Make research inclusive. Unlike doctors, researchers choose their patients. The potential for digital health to reach all populations can be realized only if research includes people whose profiles bring different challenges to outcomes — people over age 65, people of color, people with comorbidities. If the digital health industry is serious about using innovation to expand the impact of health care, that ambition must start in the development and testing stage — and be made public.
Meeting the standards of evidence-based medicine means measuring it against the most challenging real-world needs. This goes well beyond the conservative inclusion criteria that may be sufficient to gain regulatory clearance. It’s incumbent on the industry to recognize and meet a higher standard that is essential for patients, payers and providers.
Make access our mission. The concept of billions of people using mobile technology for virtual treatment — at their disposal 24 hours a day — is a game changer. But by focusing on the technology, we run the risk of being thought of as a “digital toy” industry, or — more defeating — as catering to privilege. Better, cheaper, faster is of no value unless it makes a difference in people’s lives. Staying true to a mission of putting patients at the center of what we do — our research, our design, our outreach — is key. As an industry, we must work to ensure that the populations who have been underserved by the current medical system have equal access to the digital health tools that can help.
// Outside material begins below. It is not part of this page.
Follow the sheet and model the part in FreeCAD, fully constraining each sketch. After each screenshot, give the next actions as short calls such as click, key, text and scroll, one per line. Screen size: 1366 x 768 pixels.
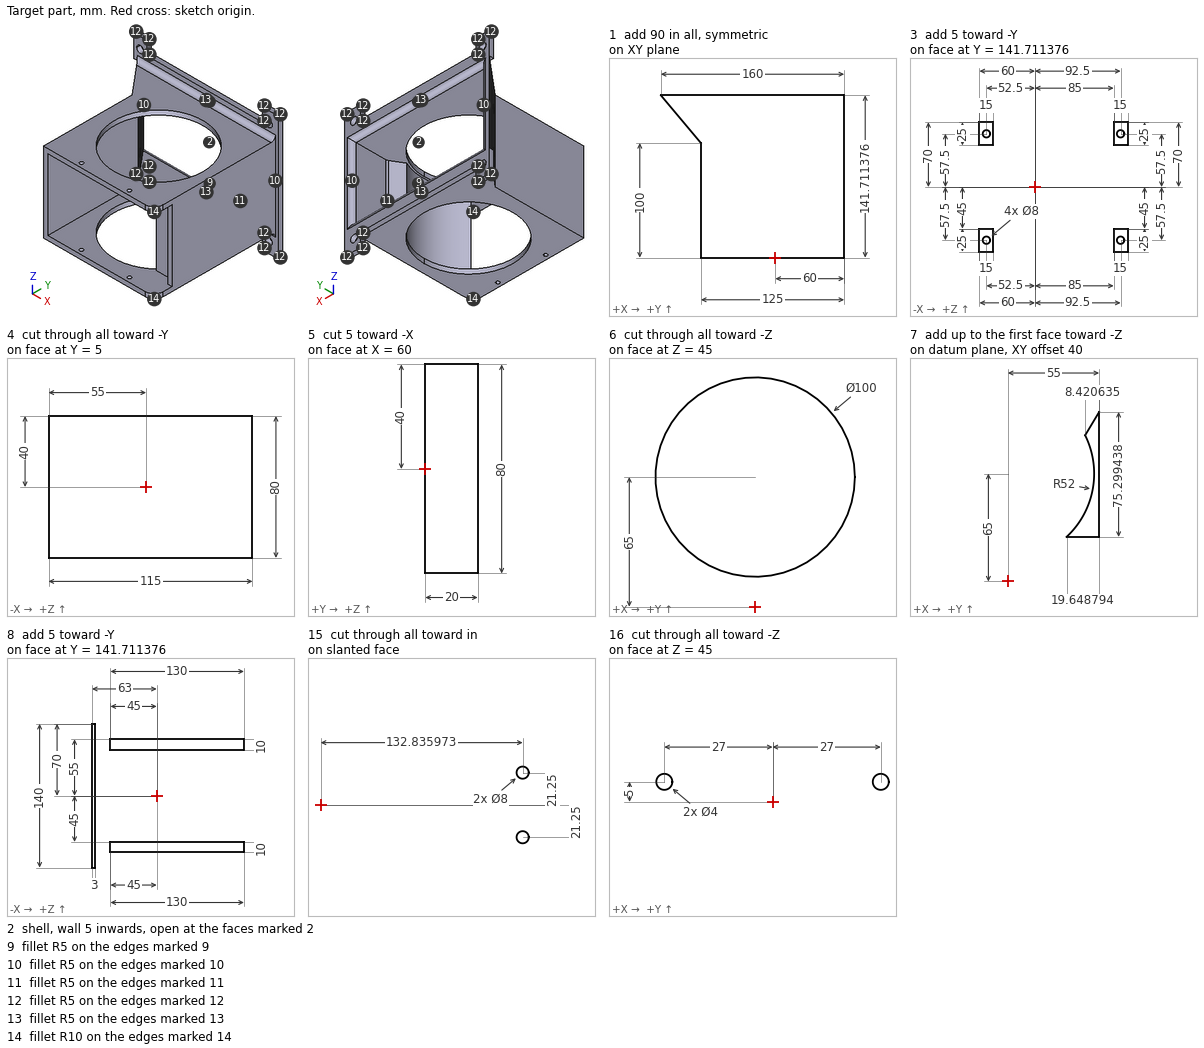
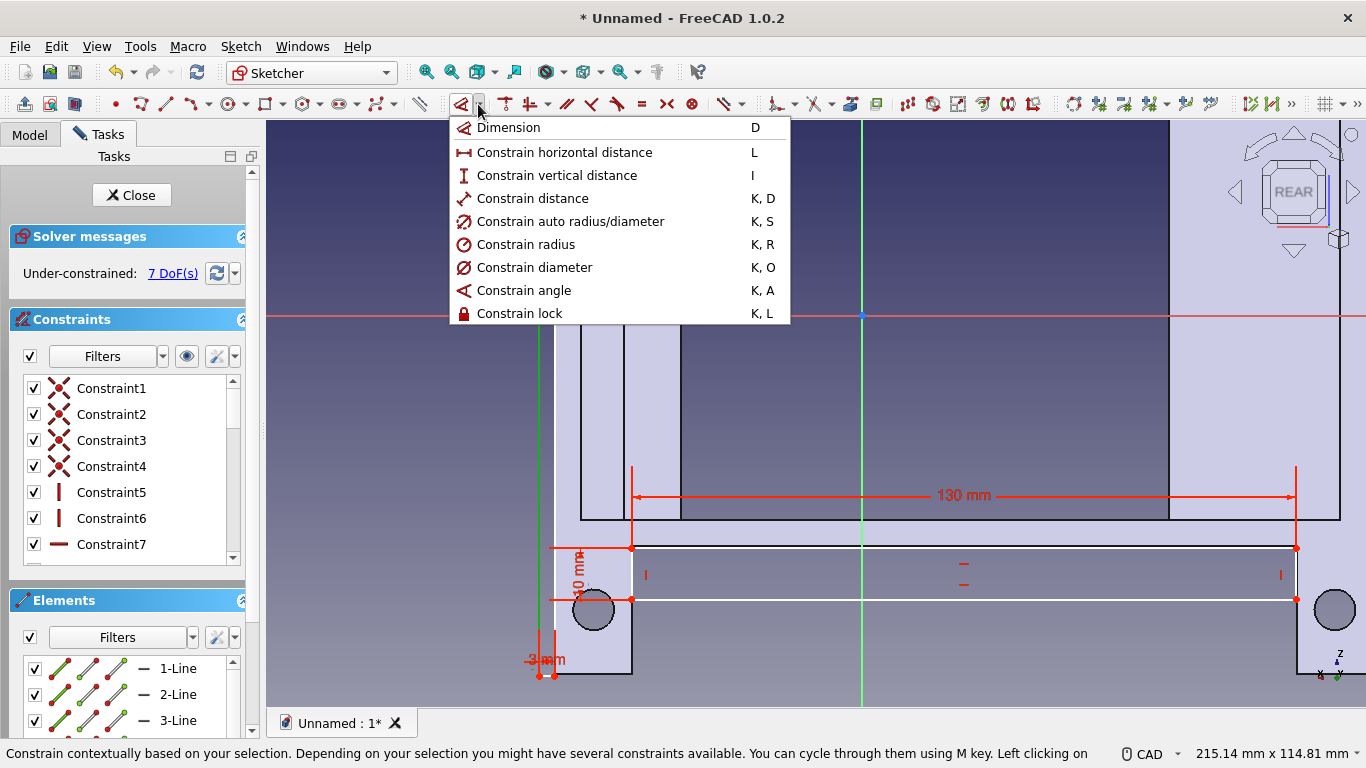
click(620, 176)

The digital health industry has been given a gift: the resources to solve the problems of health care in a new way. It’s a huge opportunity and a huge responsibility. Now, in these early days, is the time to get it right. The risks — literally, life and death — are too high to accept what other technology categories have considered reasonable standards for backing product claims. Companies will surely be called out quickly if they rely on a lesser standard.
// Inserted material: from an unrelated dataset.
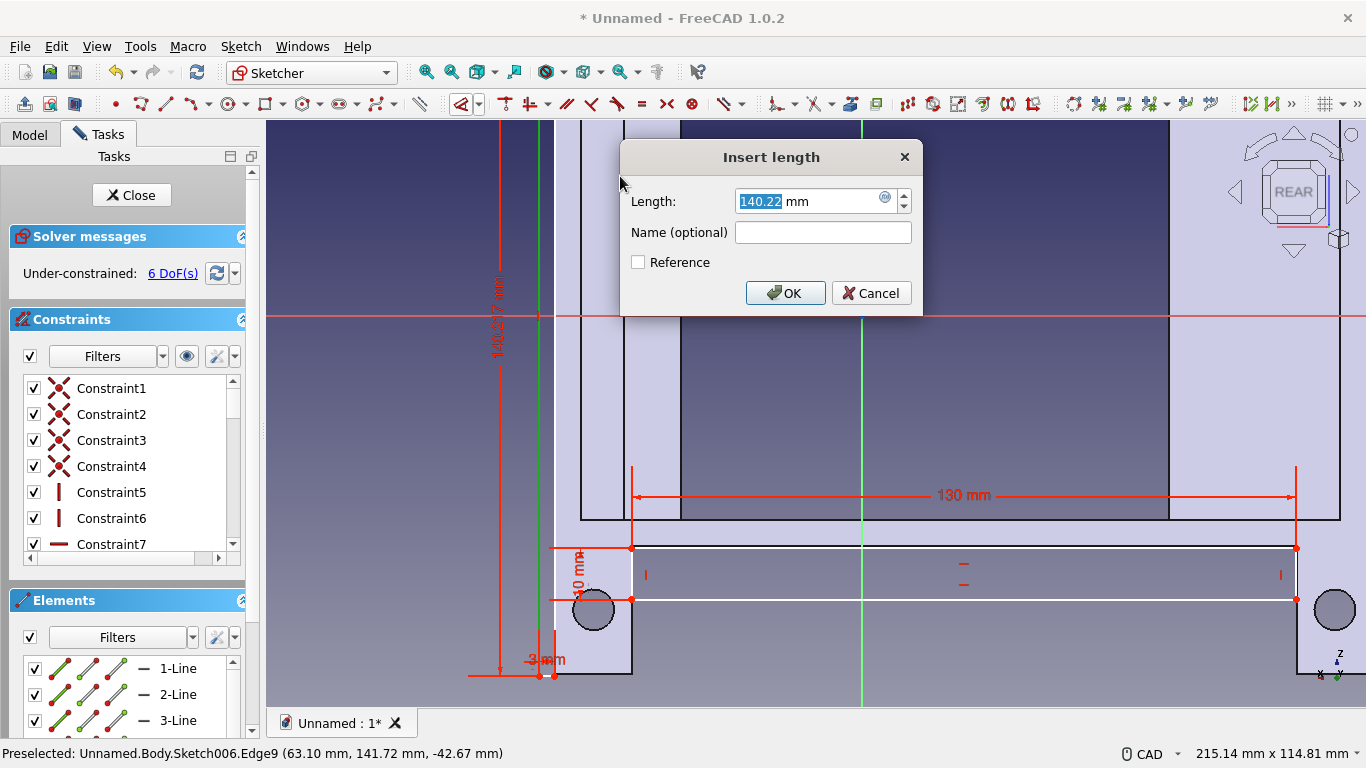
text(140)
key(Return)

I call on the digital health community to seize this moment: Commit to rigor and transparency in your research. Commit to increasing equitable access to care. Commit to establishing evidence-based medicine as the foundation of digital health.
Not doing so will fail the people who have invested so much in the success of digital health and those the industry exists to serve. Patients shouldn’t stand for anything less, and neither should we.
Jenna Carl is the vice president of clinical development and medical affairs of Big Health, a digital therapeutics company focused on mental health.